Whatever kind of model is selected, the impact of the program will be determined largely by the success of the initial implementation and ongoing promotion of the EAP and its multiple services and resources. EAPs that work closely with the organization and other related programs often are able to increase the awareness of their services and thus can deliver high usage of the program.
There are also opportunities to strengthen an EAP after it is implemented. Based on research in the field, the EAP Business Value Model describes three major ways that EAP’s can provide value to organizations: Workplace Performance Value includes cost savings from improvements in employee productivity, absence and other human capital areas after employees use the EAP; Benefit Cost Value includes cost savings from reduced claims costs in health care, disability and other employee benefits after high-risk individuals use the EAP and are referred or comanaged with other programs, and Organizational Value cost savings from safety and risk management, critical incidents, management consultations, and improved organizational development.

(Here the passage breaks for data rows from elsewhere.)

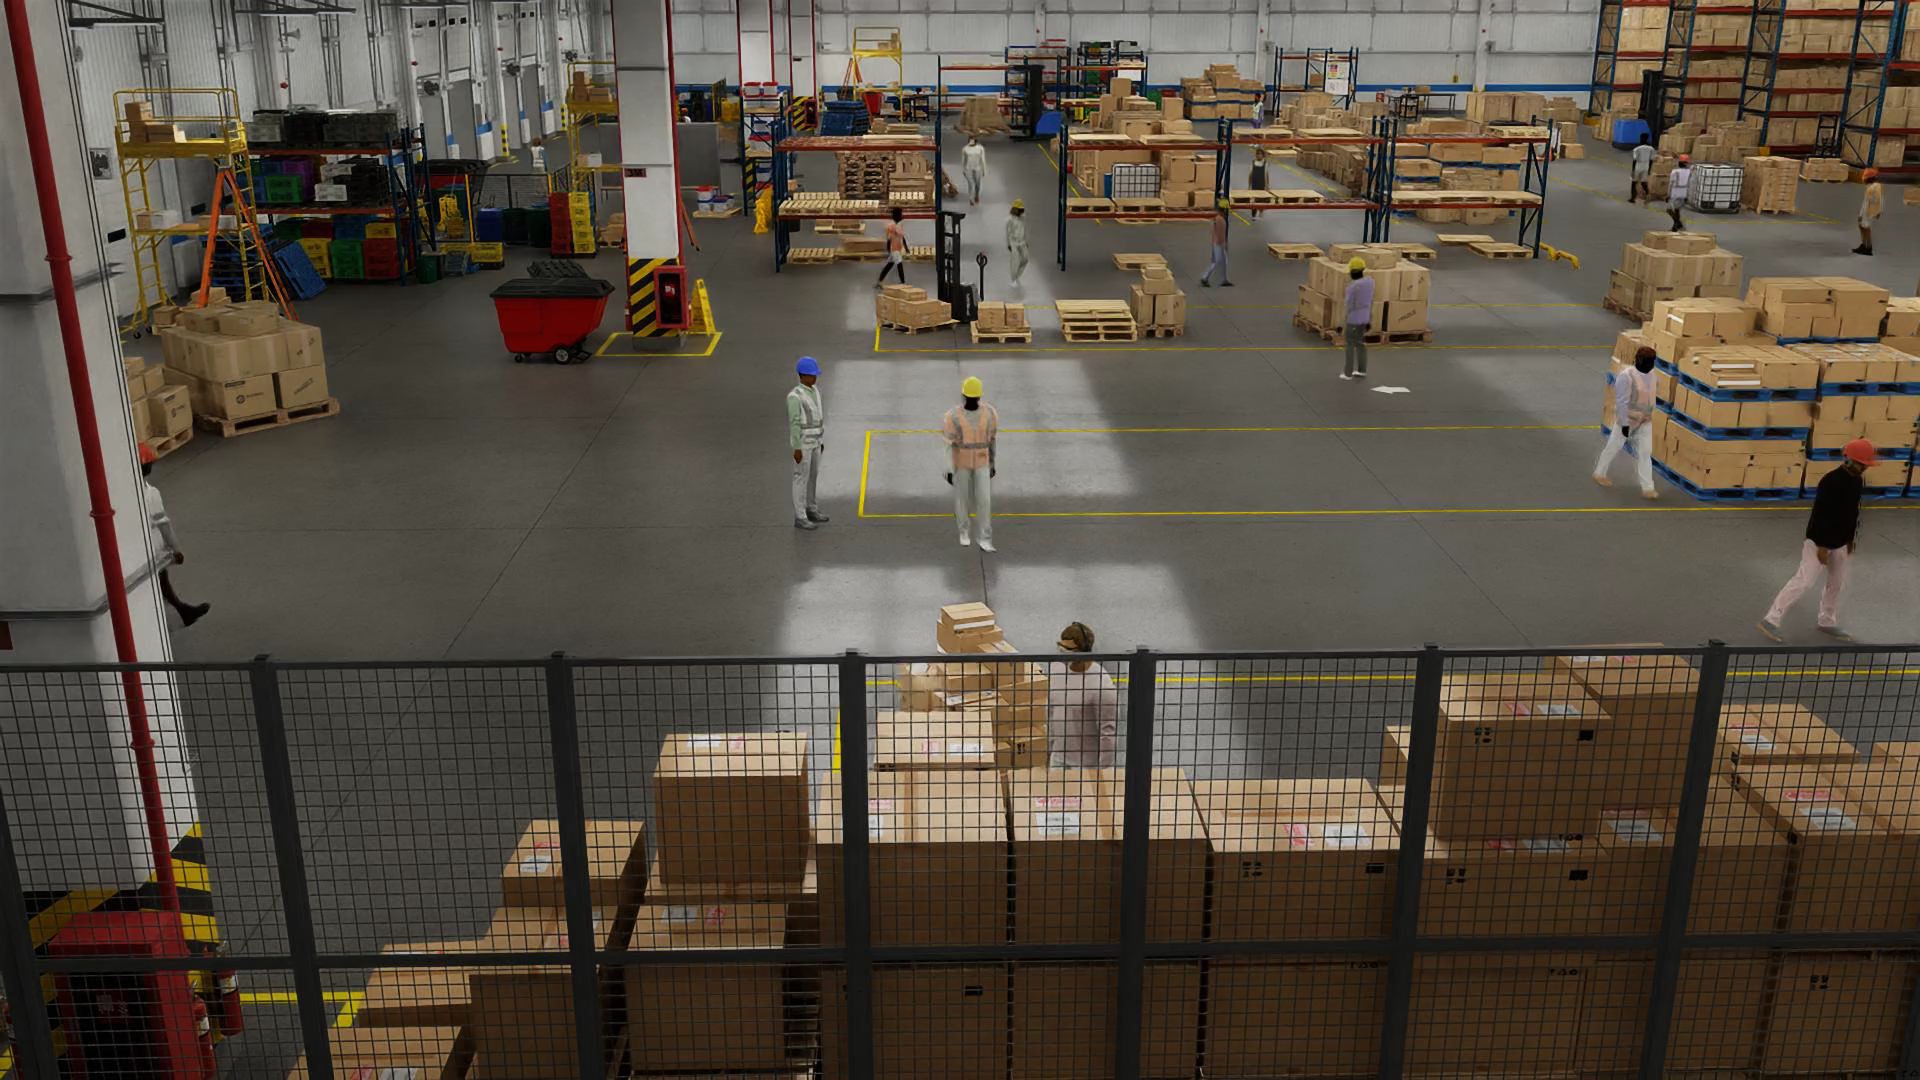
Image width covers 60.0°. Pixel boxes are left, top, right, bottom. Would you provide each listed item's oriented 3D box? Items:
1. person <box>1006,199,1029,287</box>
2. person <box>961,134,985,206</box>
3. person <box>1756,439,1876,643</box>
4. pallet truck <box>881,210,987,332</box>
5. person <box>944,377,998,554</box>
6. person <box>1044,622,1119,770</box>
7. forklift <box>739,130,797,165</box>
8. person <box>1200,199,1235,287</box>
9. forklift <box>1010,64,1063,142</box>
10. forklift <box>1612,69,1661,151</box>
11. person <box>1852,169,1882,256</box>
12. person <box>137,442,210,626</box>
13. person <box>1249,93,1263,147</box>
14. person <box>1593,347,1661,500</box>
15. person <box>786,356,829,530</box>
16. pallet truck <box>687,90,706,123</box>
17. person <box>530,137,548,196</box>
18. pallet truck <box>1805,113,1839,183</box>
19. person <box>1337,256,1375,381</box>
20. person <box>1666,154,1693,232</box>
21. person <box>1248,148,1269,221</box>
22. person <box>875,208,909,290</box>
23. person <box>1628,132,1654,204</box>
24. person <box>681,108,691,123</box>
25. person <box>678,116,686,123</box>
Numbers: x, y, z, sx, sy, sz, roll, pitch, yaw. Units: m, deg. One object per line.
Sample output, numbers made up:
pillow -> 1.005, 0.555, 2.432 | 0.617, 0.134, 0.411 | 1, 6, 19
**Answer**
person -> 1.153, -5.944, 33.268 | 0.521, 1.733, 0.328 | -13, 23, -34
person -> 0.359, -10.053, 45.173 | 0.649, 1.916, 0.446 | 0, 19, 0
person -> 7.926, 0.006, 15.280 | 0.848, 1.961, 0.599 | -10, 21, -28
pallet truck -> -0.493, -4.759, 29.349 | 1.885, 1.965, 0.823 | -13, 23, -34
person -> 0.148, -0.788, 17.731 | 0.604, 1.893, 0.867 | -4, 19, -13
person -> 0.783, 1.448, 11.027 | 0.379, 1.940, 0.629 | -13, 22, -33
forklift -> -6.391, -13.889, 55.073 | 1.873, 2.768, 1.129 | -1, 19, -1
person -> 5.157, -5.908, 33.145 | 0.639, 1.747, 0.538 | 5, 19, 15
forklift -> 2.918, -16.563, 63.005 | 1.873, 2.768, 1.129 | -3, 19, -7
forklift -> 24.567, -15.373, 59.477 | 1.873, 2.768, 1.129 | 0, 19, 1
person -> 20.191, -7.298, 37.052 | 0.612, 1.891, 0.636 | -15, 24, -37
person -> -7.406, 0.008, 15.368 | 0.564, 1.888, 0.963 | 11, 22, 30
person -> 10.934, -15.441, 61.162 | 0.392, 1.919, 0.591 | -7, 20, -19
person -> 7.996, -1.422, 19.778 | 0.621, 1.799, 0.976 | -7, 20, -19
person -> -1.695, -1.094, 18.552 | 0.393, 1.946, 0.617 | 7, 20, 21
pallet truck -> -9.671, -15.907, 62.421 | 0.823, 1.965, 1.885 | 5, 19, 15
person -> -11.937, -10.582, 47.174 | 0.514, 1.642, 0.310 | 8, 20, 22
pallet truck -> 26.403, -11.957, 50.702 | 0.823, 1.965, 1.885 | 6, 19, 16
person -> 6.055, -3.388, 25.404 | 0.597, 1.924, 0.376 | -14, 23, -35
person -> 17.295, -8.295, 39.964 | 0.560, 1.918, 0.558 | -3, 19, -9
person -> 7.601, -9.062, 42.368 | 0.513, 1.829, 0.483 | 6, 20, 17
person -> -1.320, -5.722, 32.741 | 0.862, 1.653, 0.533 | 5, 19, 14
person -> 18.616, -10.129, 45.371 | 0.605, 1.943, 0.750 | -3, 19, -8
person -> -9.016, -13.266, 54.765 | 0.352, 1.883, 0.574 | 1, 19, 4
person -> -8.416, -12.001, 50.926 | 0.362, 1.936, 0.631 | -5, 19, -13

EAPs yielding the most business value are those that include all three conceptual areas from the value model. This level of value is achieved when the EAP is set up so that it is able to share operational data and larger organizational goals and objectives with other programs, such as work-life, disease management, disability management and return to work, workers’ compensation, wellness and preventive services, occupational health, human capital, absence management, and organizational development. Ideally, the EAP is encouraged to have a more proactive and strategic role within the organization as well as a reactive role in responding to individual and workplace problems.
EAPs differ greatly in their integration with and support of the workplace. When purchasing an EAP, make sure to identify the level of workplace support, the degree of program integration, and the range of services that will yield the most benefit to the organization, management, and employees.
In the Appendices, the Guide offers a brief history of EAPs, identifies many EAP resources (recent reports and supportive organizations), questions from a sample request for proposal for EAP, questions from a sample external audit of an EAP provider, and a large glossary of terms.